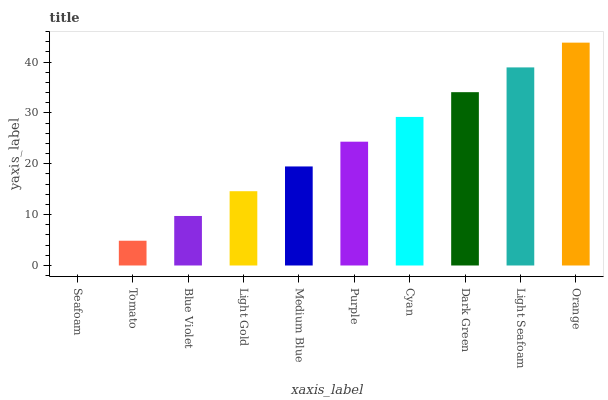Is Seafoam the minimum?
Answer yes or no. Yes. Is Orange the maximum?
Answer yes or no. Yes. Is Tomato the minimum?
Answer yes or no. No. Is Tomato the maximum?
Answer yes or no. No. Is Tomato greater than Seafoam?
Answer yes or no. Yes. Is Seafoam less than Tomato?
Answer yes or no. Yes. Is Seafoam greater than Tomato?
Answer yes or no. No. Is Tomato less than Seafoam?
Answer yes or no. No. Is Purple the high median?
Answer yes or no. Yes. Is Medium Blue the low median?
Answer yes or no. Yes. Is Dark Green the high median?
Answer yes or no. No. Is Cyan the low median?
Answer yes or no. No.

§ **What the task requires**
Which lines of the listing contain the string "median"? Copy every one of them.

§ **Answer to this task**
Answer yes or no. No. Is Purple the high median?
Answer yes or no. Yes. Is Medium Blue the low median?
Answer yes or no. Yes. Is Dark Green the high median?
Answer yes or no. No. Is Cyan the low median?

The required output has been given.